The brain-derived neurotrophic factor Val66Met polymorphism predicts response to exposure therapy in posttraumatic stress disorder

Abstract

Background: The most effective treatment for posttraumatic stress disorder (PTSD) is exposure therapy, which aims to facilitate extinction of conditioned fear. Recent evidence suggests that brain-derived neurotrophic factor (BDNF) facilitates extinction learning. This study assessed whether the Met-66 allele of BDNF, which results in lower activity-dependent secretion, predicts poor response to exposure therapy in PTSD.

Methods: Fifty-five patients with PTSD underwent an 8-week exposure-based cognitive behavior therapy program and provided mouth swabs or saliva to extract genomic DNA to determine their BDNF Val66Met genotype (30 patients with the Val/Val BDNF allele, 25 patients with the Met-66 allele). We examined whether BDNF genotype predicted reduction in PTSD severity following exposure therapy.

Results: Analyses revealed poorer response to exposure therapy in the PTSD patients with the Met-66 allele of BDNF compared with patients with the Val/Val allele. Pretreatment Clinician Administered PTSD Scale severity and BDNF Val66Met polymorphism predicted response to exposure therapy using hierarchical regression.

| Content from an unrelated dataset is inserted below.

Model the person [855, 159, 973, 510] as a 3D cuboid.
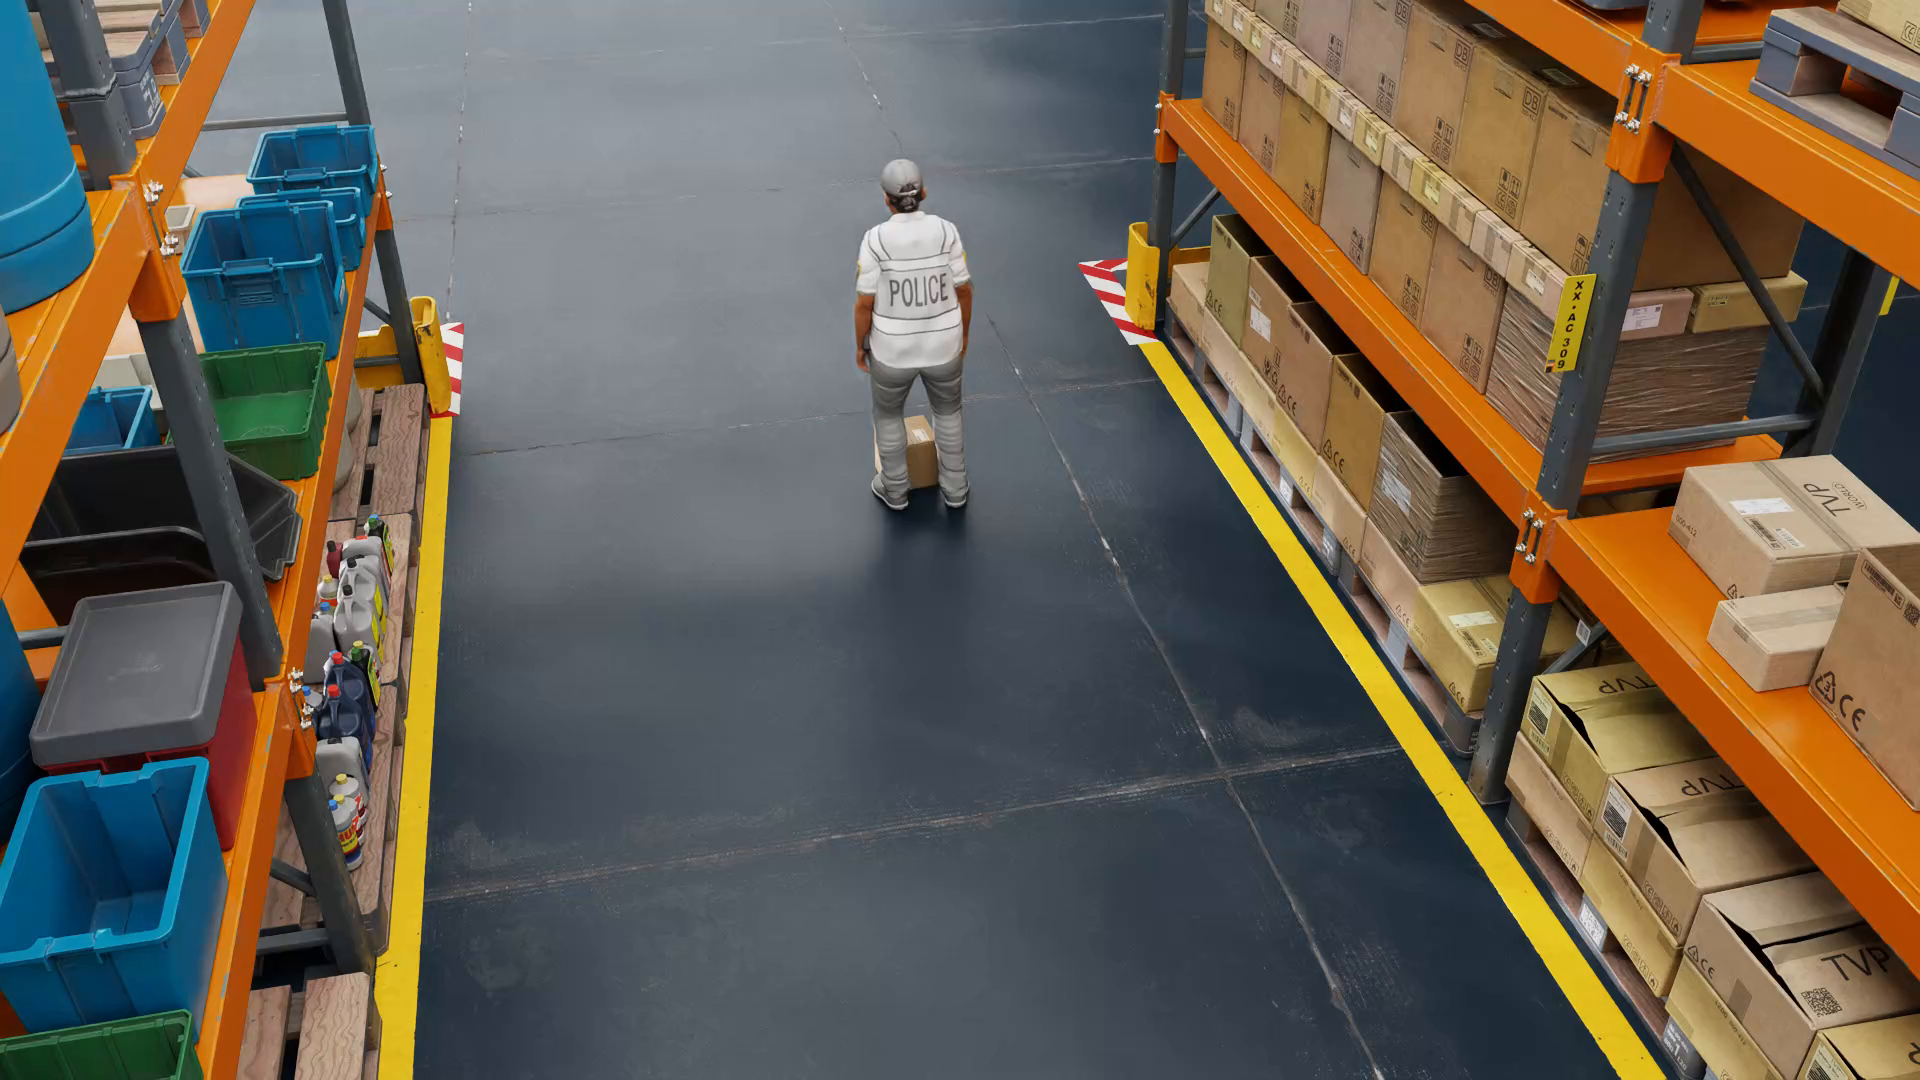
[{"bbox_3d":[-0.203,-0.877,7.411,0.541,1.666,0.468,-8,35,-11],"label":"person"}]
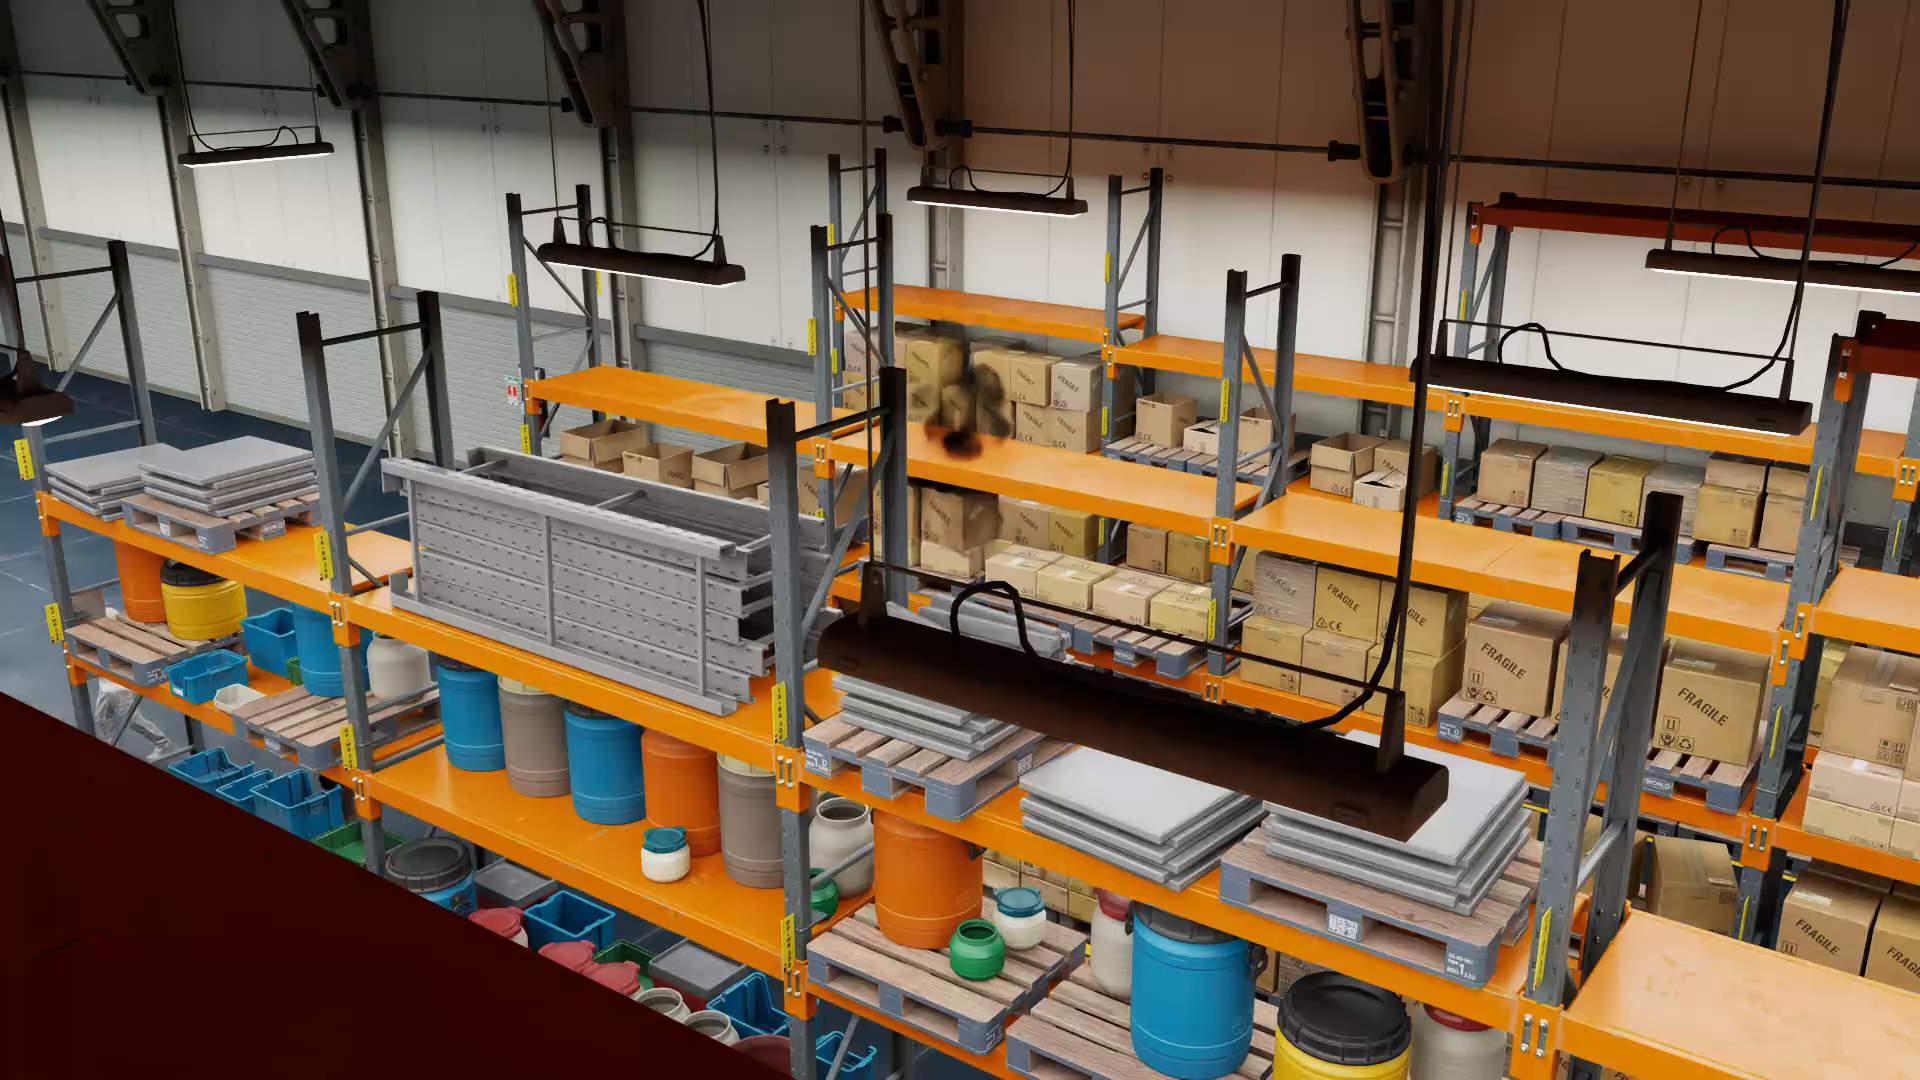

Conclusions: This study provides the first evidence that the BDNF Val66Met genotype predicts response to cognitive behavior therapy in PTSD and is in accord with evidence that BDNF facilitates extinction learning.

Figure 1

Effect of brain-derived neurotrophic factor genotype on response to exposure treatment in posttraumatic stress disorder: pre-treatment and posttreatment scores on the Clinician Administered PTSD Scale for the Val/Val (n = 30) and Met (n = 25) groups. Error bars show SEM.